1) Cu/Cu^2+(0.1M)//Ag^+(0.1M)/Ag
- The species being oxidized is Cu (Cu → Cu^2+ + 2e^-).
- The species being reduced is Ag^+ (Ag^+ + e^- → Ag).

2) Zn/Zn^2+(0.1M)//Cu^2+(0.1M)/Cu
- The species being oxidized is Zn (Zn → Zn^2+ + 2e^-).
- The species being reduced is Cu^2+ (Cu^2+ + 2e^- → Cu).

3) Zn/Zn^2+(0.1M)//Ag^+(0.1M)/Ag
- The species being oxidized is Zn (Zn → Zn^2+ + 2e^-).
- The species being reduced is Ag^+ (Ag^+ + e^- → Ag).

4) Zn/Zn(NH3)4^2+*0.5M)//Ag^+(0.1M)/Ag
- The species being oxidized is Zn (Zn → Zn(NH3)4^2+ + 2e^-).
- The species being reduced is Ag^+ (Ag^+ + e^- → Ag).

5) Zn^2+(aq) + 4NH3(aq) ⇌ ...

Unfortunately, the information provided for the fifth case is incomplete, as there is no complete equation or reactant/product given. Without further data, it is not possible to determine the half-cell reactions.

Regarding the expected numerical results in terms of cell potentials (Ecell), polarities, formation constants (Kf), and equilibrium constants (Keq), they depend on the specific reactions and concentrations involved. Without specific information, it is difficult to provide an exact range. However, generally, more positive cell potentials indicate a greater tendency for the reaction to occur spontaneously, and positive Ecell values imply cell reactions are feasible.

The polarity of the cell depends on the sign of the cell potential. Positive cell potentials indicate a spontaneous, positive-to-negative flow of electrons, representing a galvanic or voltaic cell. Negative cell potentials imply a non-spontaneous reaction and require an external power source, representing an electrolytic cell.

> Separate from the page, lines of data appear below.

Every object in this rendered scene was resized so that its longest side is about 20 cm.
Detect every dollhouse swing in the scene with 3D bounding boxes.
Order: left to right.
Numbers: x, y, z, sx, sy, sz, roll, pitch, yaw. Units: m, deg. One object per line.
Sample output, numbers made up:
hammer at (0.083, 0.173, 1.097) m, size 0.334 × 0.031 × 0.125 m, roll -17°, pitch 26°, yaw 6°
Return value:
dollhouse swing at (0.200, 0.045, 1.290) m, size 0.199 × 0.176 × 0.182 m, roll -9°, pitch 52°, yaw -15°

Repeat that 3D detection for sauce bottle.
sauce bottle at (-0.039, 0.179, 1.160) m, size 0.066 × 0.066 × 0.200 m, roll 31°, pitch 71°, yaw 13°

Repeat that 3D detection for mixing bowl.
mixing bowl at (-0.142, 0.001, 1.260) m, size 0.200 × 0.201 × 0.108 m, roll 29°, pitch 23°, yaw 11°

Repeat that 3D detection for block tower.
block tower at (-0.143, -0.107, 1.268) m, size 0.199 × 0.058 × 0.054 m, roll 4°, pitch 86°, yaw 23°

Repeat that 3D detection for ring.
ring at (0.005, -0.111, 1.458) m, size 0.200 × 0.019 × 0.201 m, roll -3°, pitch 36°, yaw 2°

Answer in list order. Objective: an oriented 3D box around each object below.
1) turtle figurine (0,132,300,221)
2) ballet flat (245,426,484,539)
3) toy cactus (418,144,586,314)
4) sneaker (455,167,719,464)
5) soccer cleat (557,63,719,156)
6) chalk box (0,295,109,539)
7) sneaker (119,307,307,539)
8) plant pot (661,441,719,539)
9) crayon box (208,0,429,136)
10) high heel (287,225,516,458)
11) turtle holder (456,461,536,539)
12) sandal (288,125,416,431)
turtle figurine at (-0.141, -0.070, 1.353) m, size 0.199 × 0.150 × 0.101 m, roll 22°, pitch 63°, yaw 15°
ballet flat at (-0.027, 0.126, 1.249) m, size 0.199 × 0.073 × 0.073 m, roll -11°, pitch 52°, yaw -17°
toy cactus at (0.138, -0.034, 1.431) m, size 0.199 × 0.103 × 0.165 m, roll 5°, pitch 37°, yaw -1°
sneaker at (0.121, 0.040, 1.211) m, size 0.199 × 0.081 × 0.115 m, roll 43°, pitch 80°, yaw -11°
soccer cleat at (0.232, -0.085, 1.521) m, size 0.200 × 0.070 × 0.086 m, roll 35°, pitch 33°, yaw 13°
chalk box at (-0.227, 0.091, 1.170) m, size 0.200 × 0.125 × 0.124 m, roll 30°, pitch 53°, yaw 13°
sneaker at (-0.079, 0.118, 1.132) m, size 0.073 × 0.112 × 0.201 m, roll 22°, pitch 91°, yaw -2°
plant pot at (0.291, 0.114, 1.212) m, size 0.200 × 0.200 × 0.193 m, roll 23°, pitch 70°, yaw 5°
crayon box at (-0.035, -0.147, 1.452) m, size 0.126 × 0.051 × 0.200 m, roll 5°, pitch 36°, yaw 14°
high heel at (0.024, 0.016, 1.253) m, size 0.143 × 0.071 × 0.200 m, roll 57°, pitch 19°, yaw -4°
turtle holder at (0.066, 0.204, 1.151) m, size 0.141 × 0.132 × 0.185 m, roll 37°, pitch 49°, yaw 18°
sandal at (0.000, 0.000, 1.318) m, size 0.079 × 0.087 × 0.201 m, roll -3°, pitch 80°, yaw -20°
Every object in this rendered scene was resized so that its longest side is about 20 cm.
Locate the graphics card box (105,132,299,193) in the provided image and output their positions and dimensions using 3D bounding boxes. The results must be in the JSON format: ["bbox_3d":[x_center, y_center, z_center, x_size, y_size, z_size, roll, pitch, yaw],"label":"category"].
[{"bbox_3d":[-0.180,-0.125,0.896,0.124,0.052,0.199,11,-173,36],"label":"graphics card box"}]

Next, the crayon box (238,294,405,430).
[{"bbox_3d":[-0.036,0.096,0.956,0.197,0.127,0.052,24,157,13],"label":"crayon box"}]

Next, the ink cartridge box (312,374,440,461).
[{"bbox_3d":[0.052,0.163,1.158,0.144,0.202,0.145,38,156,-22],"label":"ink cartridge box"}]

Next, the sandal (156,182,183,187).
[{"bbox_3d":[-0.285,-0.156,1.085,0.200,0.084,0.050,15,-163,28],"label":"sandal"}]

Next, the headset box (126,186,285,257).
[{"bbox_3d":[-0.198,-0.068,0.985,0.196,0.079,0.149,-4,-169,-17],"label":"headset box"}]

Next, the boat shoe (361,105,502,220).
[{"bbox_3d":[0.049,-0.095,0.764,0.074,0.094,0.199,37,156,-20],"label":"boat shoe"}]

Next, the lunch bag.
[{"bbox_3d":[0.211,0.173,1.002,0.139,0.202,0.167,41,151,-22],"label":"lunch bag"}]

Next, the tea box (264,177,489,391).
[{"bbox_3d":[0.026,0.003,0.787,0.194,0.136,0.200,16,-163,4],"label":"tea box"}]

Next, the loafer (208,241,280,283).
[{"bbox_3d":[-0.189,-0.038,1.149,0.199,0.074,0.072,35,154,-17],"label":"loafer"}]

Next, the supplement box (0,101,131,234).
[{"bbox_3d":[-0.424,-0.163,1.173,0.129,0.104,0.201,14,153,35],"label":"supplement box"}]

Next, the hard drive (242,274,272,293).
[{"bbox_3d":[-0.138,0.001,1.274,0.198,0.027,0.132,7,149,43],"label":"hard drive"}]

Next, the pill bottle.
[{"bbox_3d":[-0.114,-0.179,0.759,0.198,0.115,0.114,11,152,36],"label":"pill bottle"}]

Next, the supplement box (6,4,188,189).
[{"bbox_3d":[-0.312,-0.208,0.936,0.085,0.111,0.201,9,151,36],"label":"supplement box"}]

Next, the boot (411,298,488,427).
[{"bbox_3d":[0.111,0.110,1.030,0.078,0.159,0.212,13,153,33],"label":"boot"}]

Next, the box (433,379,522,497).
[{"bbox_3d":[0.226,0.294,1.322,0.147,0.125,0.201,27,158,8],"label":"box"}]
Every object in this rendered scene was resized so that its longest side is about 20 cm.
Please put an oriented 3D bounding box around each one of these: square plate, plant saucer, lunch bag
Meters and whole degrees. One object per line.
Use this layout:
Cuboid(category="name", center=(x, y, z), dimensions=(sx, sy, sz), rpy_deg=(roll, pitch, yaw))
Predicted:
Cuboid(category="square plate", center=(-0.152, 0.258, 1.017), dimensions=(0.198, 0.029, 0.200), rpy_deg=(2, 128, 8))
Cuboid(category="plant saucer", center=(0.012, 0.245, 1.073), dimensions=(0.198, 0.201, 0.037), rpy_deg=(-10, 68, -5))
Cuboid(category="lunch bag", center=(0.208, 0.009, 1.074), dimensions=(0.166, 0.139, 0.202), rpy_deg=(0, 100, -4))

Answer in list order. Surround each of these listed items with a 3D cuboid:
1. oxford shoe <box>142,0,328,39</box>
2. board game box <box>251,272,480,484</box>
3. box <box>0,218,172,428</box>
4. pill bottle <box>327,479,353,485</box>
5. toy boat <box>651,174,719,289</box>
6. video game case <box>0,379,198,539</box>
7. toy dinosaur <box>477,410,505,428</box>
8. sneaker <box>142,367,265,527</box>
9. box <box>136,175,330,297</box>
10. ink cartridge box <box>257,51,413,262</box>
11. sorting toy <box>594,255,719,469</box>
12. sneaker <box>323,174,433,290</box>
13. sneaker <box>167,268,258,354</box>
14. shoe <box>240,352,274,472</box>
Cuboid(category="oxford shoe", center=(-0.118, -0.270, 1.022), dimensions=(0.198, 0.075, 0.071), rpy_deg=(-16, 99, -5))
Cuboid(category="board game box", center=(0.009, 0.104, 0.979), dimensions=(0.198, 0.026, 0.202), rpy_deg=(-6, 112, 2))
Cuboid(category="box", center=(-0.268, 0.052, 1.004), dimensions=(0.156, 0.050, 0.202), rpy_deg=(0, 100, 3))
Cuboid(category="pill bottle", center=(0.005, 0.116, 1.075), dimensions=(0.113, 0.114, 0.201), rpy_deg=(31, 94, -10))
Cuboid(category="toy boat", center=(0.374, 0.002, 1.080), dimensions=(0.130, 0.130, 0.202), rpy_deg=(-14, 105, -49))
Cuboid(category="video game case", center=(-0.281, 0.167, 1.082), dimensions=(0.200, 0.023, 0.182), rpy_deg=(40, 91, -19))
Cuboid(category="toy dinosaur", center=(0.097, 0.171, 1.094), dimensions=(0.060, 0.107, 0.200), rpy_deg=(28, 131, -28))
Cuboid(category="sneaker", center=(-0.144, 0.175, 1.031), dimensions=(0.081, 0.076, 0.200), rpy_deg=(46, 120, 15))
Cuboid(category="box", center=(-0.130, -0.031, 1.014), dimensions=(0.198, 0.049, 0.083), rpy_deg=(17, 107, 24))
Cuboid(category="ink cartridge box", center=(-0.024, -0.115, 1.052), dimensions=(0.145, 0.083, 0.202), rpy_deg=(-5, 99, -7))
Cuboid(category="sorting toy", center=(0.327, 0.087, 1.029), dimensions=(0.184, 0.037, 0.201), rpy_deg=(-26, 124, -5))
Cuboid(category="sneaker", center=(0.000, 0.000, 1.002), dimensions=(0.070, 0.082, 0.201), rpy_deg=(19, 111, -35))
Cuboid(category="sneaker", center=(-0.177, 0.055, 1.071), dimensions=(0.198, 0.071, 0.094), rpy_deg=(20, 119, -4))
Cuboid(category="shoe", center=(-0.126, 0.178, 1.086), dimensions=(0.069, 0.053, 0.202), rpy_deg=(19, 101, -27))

Formation constants (Kf) represent the stability of complex ions, where a higher Kf value indicates greater stability.

Equilibrium constants (Keq) quantify the position of a reversible reaction, with larger Keq values indicating a more favorable equilibrium position.

Remember, for more precise numerical values, you would need specific concentration values and the full reaction equations.